アキラと銀太くんに、こちらのような親類の方がいらっしゃるなんて初耳ですわ。本当ですか? アキラ

 虎子は白に向かってニッコリと微笑みかけた。
 実に見事な笑い方だが嫌疑をかけていることは明らかだ。親友の白には分かる。

「本当だよ。銀太もよく懐いてるでしょ」

「確かに銀太くんが人にあんなに懐くのは珍しいですけれど……」

(けれど何ですか)

 虎子は大きな二つの瞳から疑いの視線を白に向けた。
 白は罪悪感に耐えかねて虎子からソッと顔を背けた。
 伊達に親友ではないのは虎子も同じ。白が嘘が不得手であることも、そもそも嘘を吐いていることもお見通しだ。

「…………。そういうことにしておいて差し上げます」

 白はホッと安堵の吐息を漏らした。理由は分からないが恩情を掛けてもらえたみたいだ。そういう素直な反応をするから嘘が下手なのだけれど。
 虎子は天尊のほうを向き、腹部で手を重ねて深く会釈した。

「初めまして。久峩城ヶ嵜クガジョーガサキ虎子トラコと申します」

「トラコ? ココじゃないのか? アキラとギンタがそう呼んでいる」

「それは愛称です。よろしければあなたもそうお呼びになって。わたくしはあなたを何とお呼びすればよろしいでしょうか」

「俺は天尊ティエンゾンだ」

「ティエンゾンさん? ティエンゾンさんとおっしゃいますのね。初めまして。わたくしのことはアキラの友人として是非お見知り置きくださいませ」

「ああ。こちらこそよろしく」

 虎子と天尊は表面上はにこやかに接する。しかし、それを見ている白はハラハラして気が気ではなかった。
 銀太が「ココ。ココ」と懸命に虎子を呼んだ。

「どうしましたか、銀太くん」

「おむかえきたぞ」

 虎子は銀太が指差す方向を振り向いた。
 見慣れた黒塗りのリムジンが停車しており、ボディガードのひとりがドアを開けて待っている。御嬢様は使用人をいくらでも待たせてもよいが、白が懸命に苦手なことをしていることだし、今日はここが引き際なのかもしれない。親友の顔を立てるとしよう。

「皆さまお送りしましょうか、アキラ

「い、いや、大丈夫」

「そうですか。ではまた明日、学校で」

 虎子は御令嬢らしく優雅に別れの挨拶をし、リムジンに乗りこんで去って行った。

 白は黒塗りのリムジンが走り去るのを見送り、はーっ、と息を吐いた。
 虎子に嫌疑の目を向けられている間中、生きた心地がしなかった。親友ながら恐ろしいプレッシャーの持ち主だ。

「まさかこんなに早くティエンのことをココに知られるなんて」

「何故、そんなにビクビクしている?」

「ココは久峩城ヶ嵜家の御嬢様なんだ」

「御嬢様か。確かに見るからに品のよい令嬢という感じだったな」

 ああ、と天尊は得心のいった声を漏らした。虎子は言葉遣いとよい立ち居振る舞いとよい、育ちの良さが見て取れた。

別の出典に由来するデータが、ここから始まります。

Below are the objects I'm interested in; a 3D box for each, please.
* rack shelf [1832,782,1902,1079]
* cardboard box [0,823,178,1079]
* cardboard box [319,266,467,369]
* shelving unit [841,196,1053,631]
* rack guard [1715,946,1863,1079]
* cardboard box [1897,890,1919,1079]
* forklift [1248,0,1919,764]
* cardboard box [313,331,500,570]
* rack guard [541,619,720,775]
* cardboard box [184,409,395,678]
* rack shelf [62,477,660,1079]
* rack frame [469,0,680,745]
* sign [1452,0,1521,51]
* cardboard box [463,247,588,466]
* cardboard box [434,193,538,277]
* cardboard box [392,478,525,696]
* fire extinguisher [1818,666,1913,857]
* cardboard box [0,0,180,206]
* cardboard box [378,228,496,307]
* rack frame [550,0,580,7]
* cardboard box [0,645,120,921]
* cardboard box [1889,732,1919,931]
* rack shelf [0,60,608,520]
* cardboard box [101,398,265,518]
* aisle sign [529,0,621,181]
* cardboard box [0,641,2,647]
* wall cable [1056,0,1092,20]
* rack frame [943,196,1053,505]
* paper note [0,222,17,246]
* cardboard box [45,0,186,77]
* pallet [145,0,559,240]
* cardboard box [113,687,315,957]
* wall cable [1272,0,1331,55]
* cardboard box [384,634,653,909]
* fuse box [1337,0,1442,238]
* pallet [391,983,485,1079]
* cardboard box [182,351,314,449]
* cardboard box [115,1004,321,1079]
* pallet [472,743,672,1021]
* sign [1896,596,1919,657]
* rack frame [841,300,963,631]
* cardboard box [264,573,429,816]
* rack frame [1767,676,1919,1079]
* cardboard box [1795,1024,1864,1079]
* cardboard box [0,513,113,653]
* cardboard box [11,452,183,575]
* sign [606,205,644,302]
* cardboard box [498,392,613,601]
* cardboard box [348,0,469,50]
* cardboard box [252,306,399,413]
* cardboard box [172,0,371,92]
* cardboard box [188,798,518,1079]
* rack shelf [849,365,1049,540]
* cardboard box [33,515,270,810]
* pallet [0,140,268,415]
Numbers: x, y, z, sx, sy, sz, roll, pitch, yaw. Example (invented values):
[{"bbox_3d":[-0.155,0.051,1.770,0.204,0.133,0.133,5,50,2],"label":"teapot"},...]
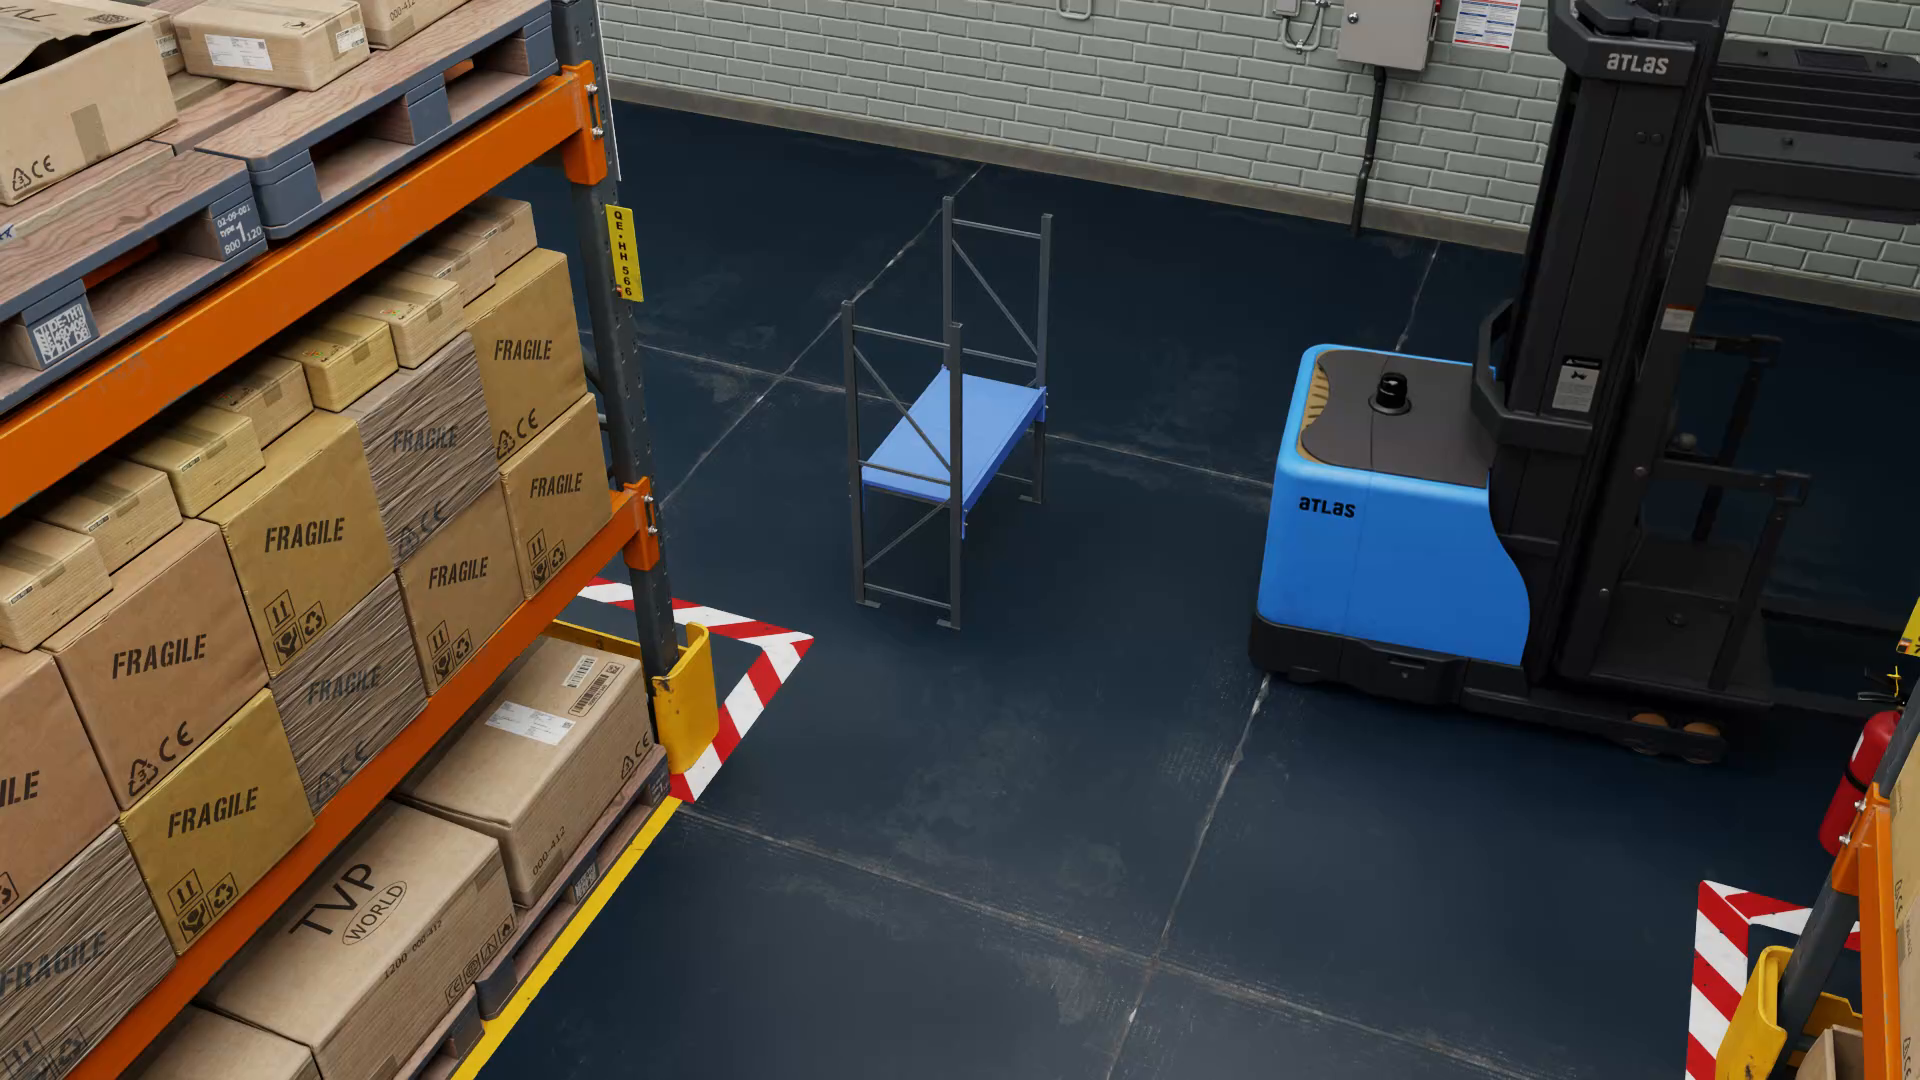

「久峩城ヶ嵜家が調べたらボクの親戚にティエンゾンなんて人間がいないことはスグにバレちゃうよ」

「まあ、調べられたらバレるな。実際にいないんだから」

「他人事みたいに言って、もう。ココに目を付けられるのは或る意味、警察より厄介なんだよ」

「焦ったところでしょうがないだろう。一遍口から出たウソは吐き通すしかない」

「うっ……!」

「アキラは苦手そうだな」

 天尊はハハハッと破顔した。
 そのような言い方をされると、天尊はどうなのだろうかと勘繰ってしまう。
特異体質の話、異世界の話、すべて正体不明の男の口から出任せだったら……。しかし、自分と弟の命を救われたのは事実だ。たとえ天尊が嘘を吐いていたとしても、白は自身と弟の生活が揺るがぬ限りはそれを知らない振りをするだろう。
 トン、と白は天尊から額を指先で押された。何だろう、と自分の額に触れて天尊を見た。

「アキラのそういうところは初めて見る」

「?」

「焦ったり困ったり怒ったり、年相応の娘らしいところだ」

 この少女は自分の命が危機に瀕しているときですら弟を優先した。死にかけの男に家と食事を与えて一切の見返りを求めなかった。この年頃と言えば、未発達で未成熟で無知で己のことすらもよく知らず、分不相応なエゴイストであるはずなのに、この少女はそうではなかった。だからこそ、理性と責任の仮面の下に隠されている少女らしい素顔を覗いてみたくなる。

「そういうのは、要らないよ。ボクはたくましいほうがいい」

「?」

 逞しさとはどういうことだ。天尊が尋ねようと口を開く前に、白の表情から少女らしさは消えていた。